_PROBLEM TO WORK ON_
Copy each line exactly, starting with the one that contains "Next, the clamp [85,40,142,87]." and stopping after the last line of the material below, with nothing else.
++++++++++
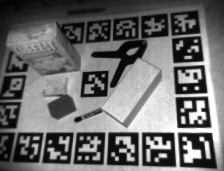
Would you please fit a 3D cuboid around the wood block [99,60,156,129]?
[{"bbox_3d":[0.047,0.025,0.711,0.089,0.092,0.206,34,80,23],"label":"wood block"}]

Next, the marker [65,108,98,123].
[{"bbox_3d":[-0.107,0.103,0.753,0.121,0.020,0.019,-21,71,5],"label":"marker"}]

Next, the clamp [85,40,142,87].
[{"bbox_3d":[0.021,-0.109,0.784,0.202,0.037,0.164,-31,69,2],"label":"clamp"}]

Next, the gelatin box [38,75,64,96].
[{"bbox_3d":[-0.229,0.000,0.811,0.089,0.030,0.073,-3,74,12],"label":"gelatin box"}]

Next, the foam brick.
[{"bbox_3d":[-0.196,0.072,0.766,0.078,0.052,0.052,-26,70,4],"label":"foam brick"}]

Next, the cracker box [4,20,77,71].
[{"bbox_3d":[-0.234,-0.126,0.746,0.163,0.215,0.072,-5,70,10],"label":"cracker box"}]
++++++++++
_RESPONSE_
Next, the clamp [85,40,142,87].
[{"bbox_3d":[0.021,-0.109,0.784,0.202,0.037,0.164,-31,69,2],"label":"clamp"}]

Next, the gelatin box [38,75,64,96].
[{"bbox_3d":[-0.229,0.000,0.811,0.089,0.030,0.073,-3,74,12],"label":"gelatin box"}]

Next, the foam brick.
[{"bbox_3d":[-0.196,0.072,0.766,0.078,0.052,0.052,-26,70,4],"label":"foam brick"}]

Next, the cracker box [4,20,77,71].
[{"bbox_3d":[-0.234,-0.126,0.746,0.163,0.215,0.072,-5,70,10],"label":"cracker box"}]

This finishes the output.